Tips for Buying Blackberries:
Blackberries are one of my favorite fruits, so I try to buy them whenever they are available. Still, if you want to make your blackberry jam or jelly, try out some different varieties at the farmer's market or grocery store to find the ones that taste best to you! Here are a few tips from my experience:
Make sure the berries aren't too soft or moldy looking because those may not taste very good once cooked. Try picking out ones with bright colors and firm flesh instead.
Choose medium-sized berries over large ones because they tend to be sweeter and less acidic than smaller ones.
We're starting with the fun part: making the fruit filling! Preheat the oven to 375 degrees F.
First, chop your rhubarb into 1-inch pieces (you'll need about four stalks), add blackberries and toss with honey in a medium bowl until coated. Spread evenly on a baking sheet and roast for 15 minutes, stirring once halfway through roasting time. Allow cooling slightly before adding to the crisp.
Once cool, add your chia seeds as the berry-rhubarb mixture will produce a lot of juice and the chia will thicken up the base in the oven.

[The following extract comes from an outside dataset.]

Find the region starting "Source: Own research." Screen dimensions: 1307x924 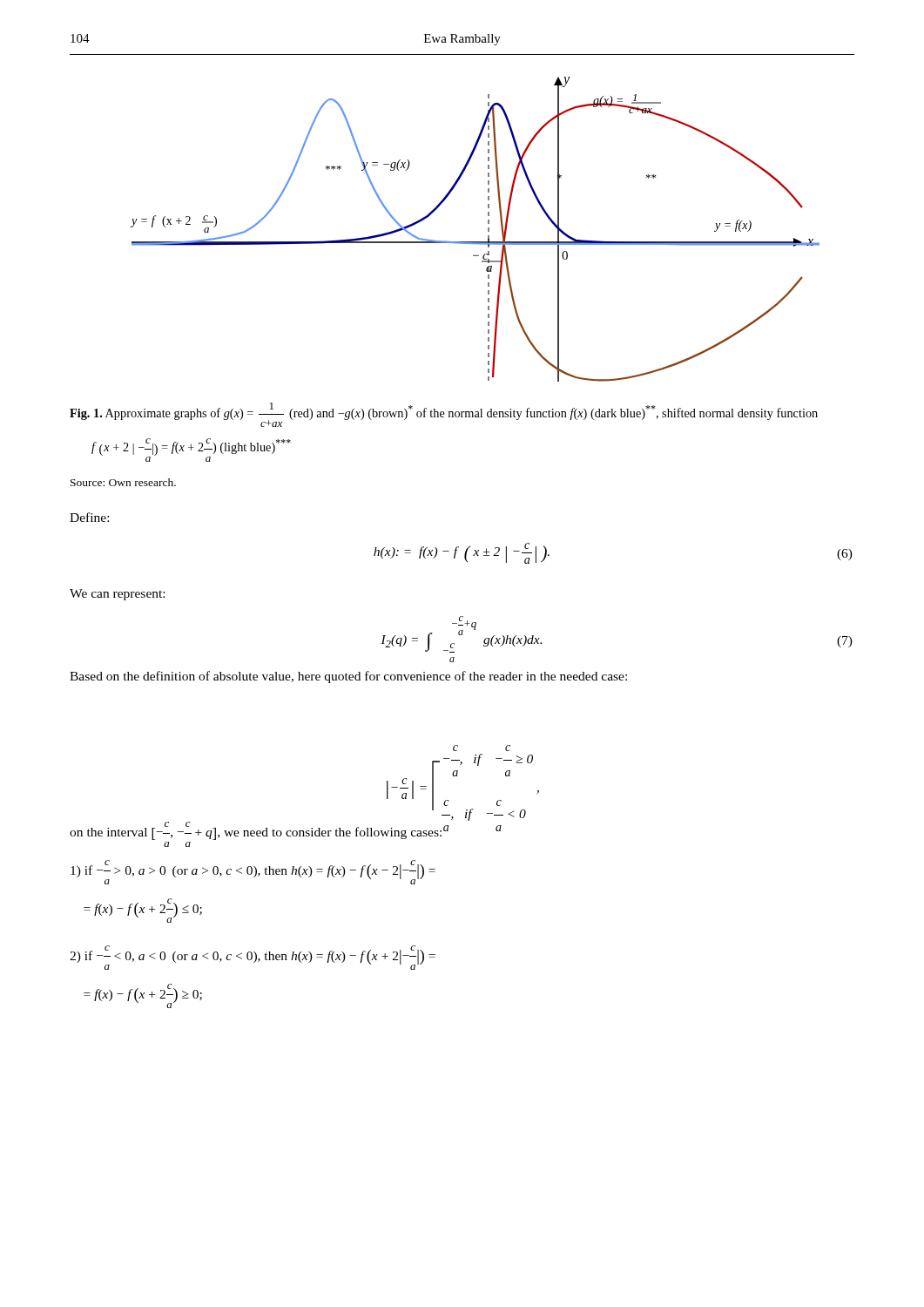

Meanwhile, combine starter, oats, and brown sugar in a large bowl and mix with a fork or pastry cutter until well combined. Add butter and mix until crumbly (see photo above). Set aside half of the oat mixture for topping later in the process.

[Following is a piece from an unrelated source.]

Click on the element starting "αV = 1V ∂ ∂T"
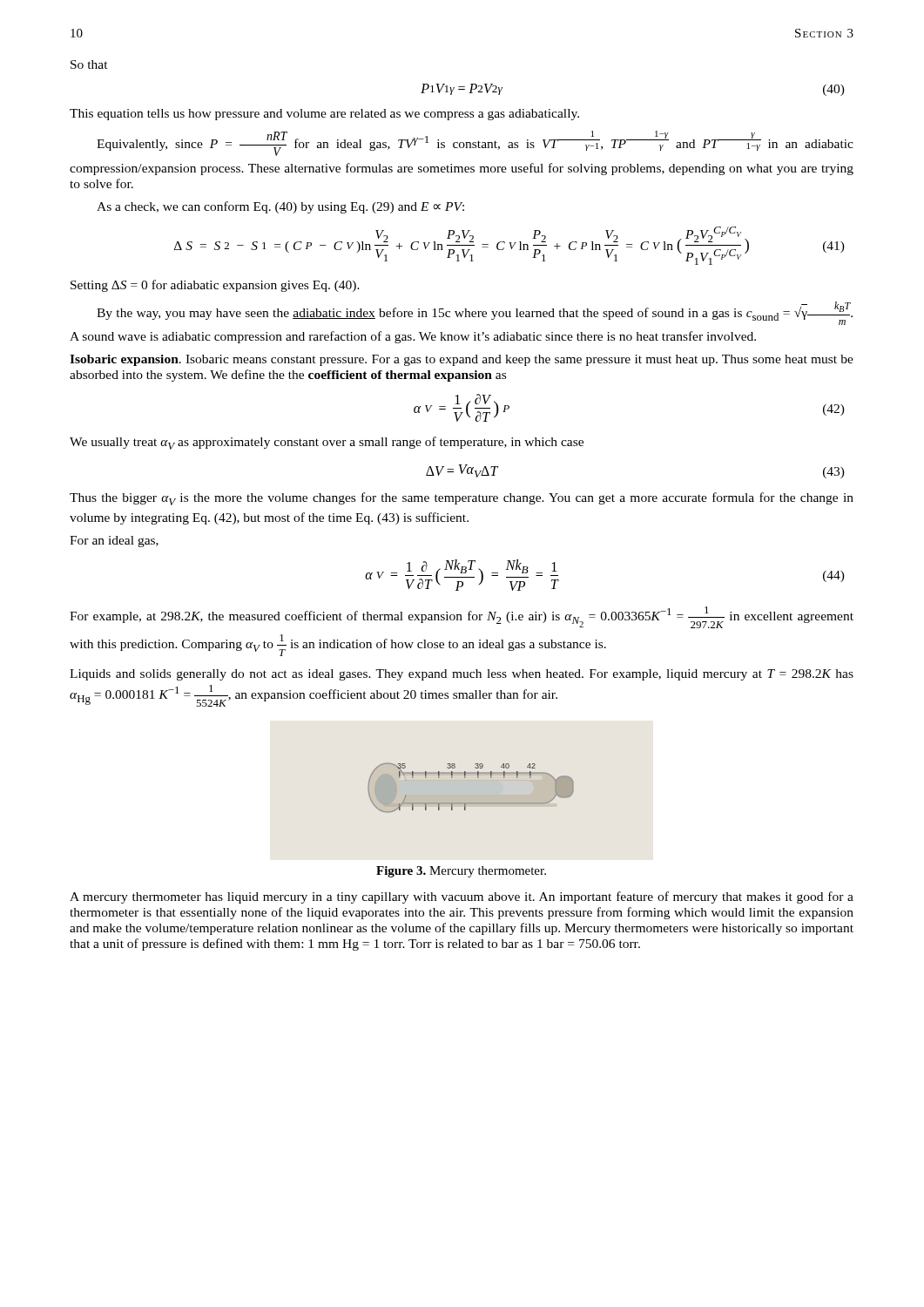Image resolution: width=924 pixels, height=1307 pixels. 460,573

Generously grease your baking dish with butter or nonstick spray, so it is evenly coated (this will help prevent sticking). Spread blackberry and rhubarb mixture evenly into prepared pan, then sprinkle reserved oat mixture over filling, then bake for about 25 minutes or until golden brown on top.

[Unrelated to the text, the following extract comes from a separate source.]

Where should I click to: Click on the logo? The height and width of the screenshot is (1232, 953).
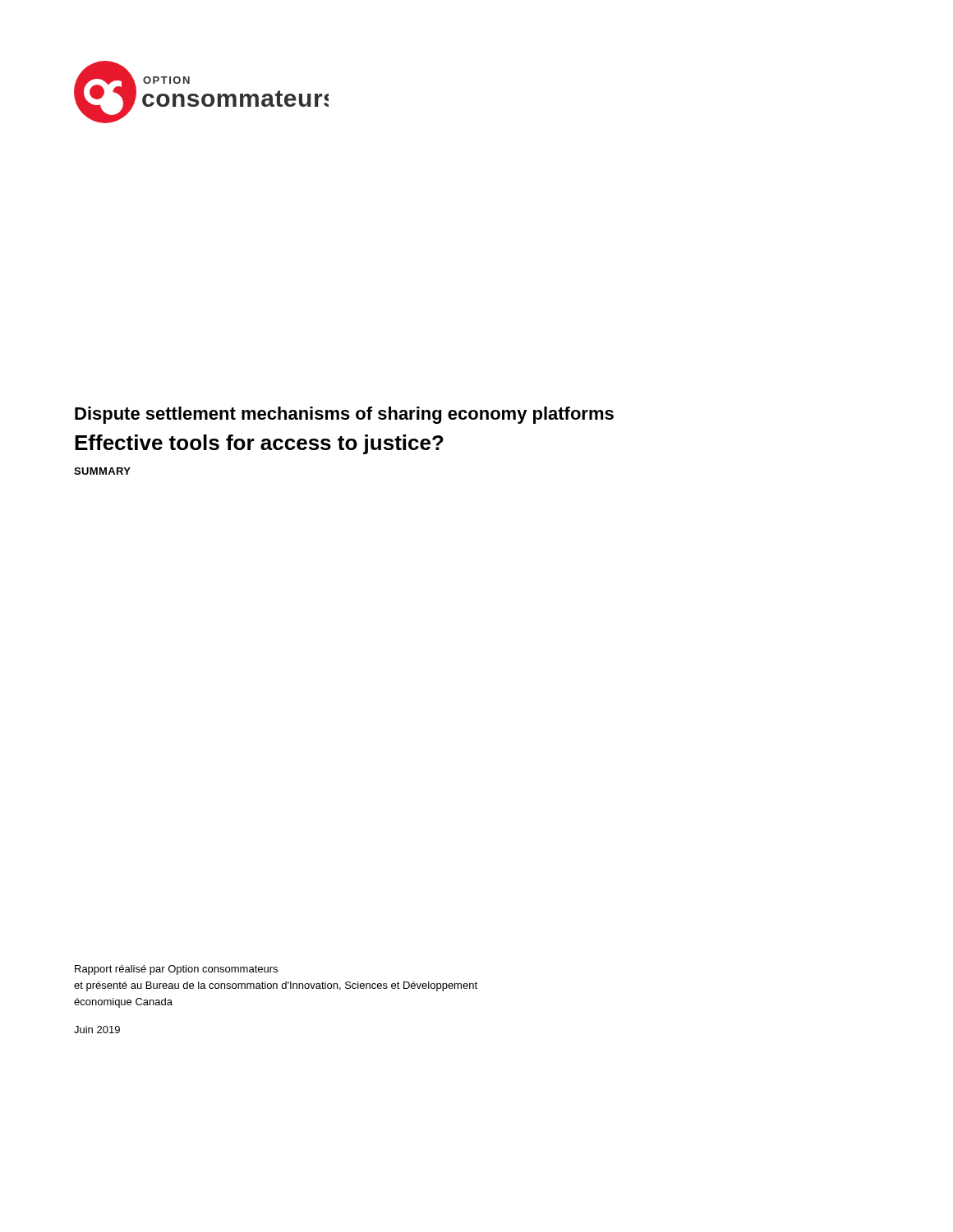coord(201,92)
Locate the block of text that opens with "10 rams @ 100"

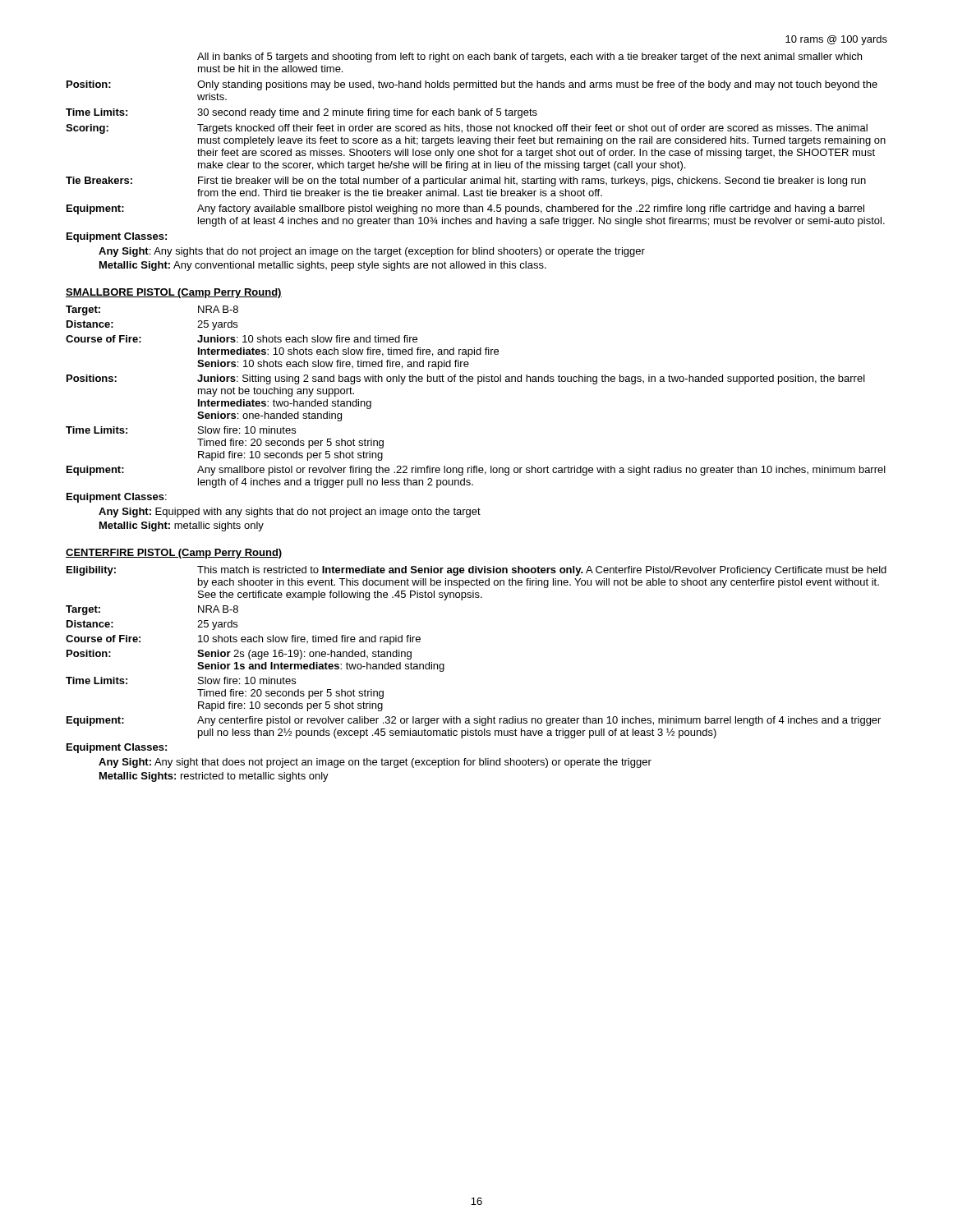coord(836,39)

When is rhubarb in season?
Rhubarb is in season from April through June — though it may be available year-round at some supermarkets or farmers' markets. Look for firm bright red stalks, that are not wilted or bruised. Rhubarb should be stored in the refrigerator and will last up to three weeks if properly packaged and storedAre rhubarb leaves poisonous?
The leaves of rhubarb contain oxalic acid, so they're poisonous and shouldn't be eaten.Can rhubarb be frozen?
Rhubarb can be frozen and it's a great option to freeze it when you aren't ready to use it while it's in season.
Blackberry & Rhubarb Crisp Recipe
- 1 cup of chopped rhubarb
- ½ pint of blackberries
- ¼ cup of lemon honey
- ½ teaspoon chia seeds
- ½ cup of oats
- ½ cup brown sugar
- ¼ cup corn flakes
- ¼ cup sourdough starter
- Three tablespoons of cold butter, cubed
- The first step to this recipe is making the fruit filling! Preheat the oven to 375 degrees F.First, chop your rhubarb into 1-inch pieces (you'll need about four stalks), add blackberries and toss with honey in a medium bowl until coated. Spread evenly on a baking sheet and roast for 15 minutes, stirring once halfway through roasting time.
- Allow cooling slightly before adding to the crisp. Once cool, add your chia seeds.Meanwhile, combine starter, oats, and brown sugar in a large bowl and mix with a fork or pastry cutter until well combined. Add butter and mix until crumbly (see photo above). Set aside the oat mixture for topping later in the process.Generously grease your baking dish with butter or nonstick spray so it is evenly coated (this will help prevent sticking). Spread blackberry and rhubarb mixture evenly into prepared pan, then sprinkle reserved oat mixture over filling, then bake for about 25 minutes or until golden brown on top.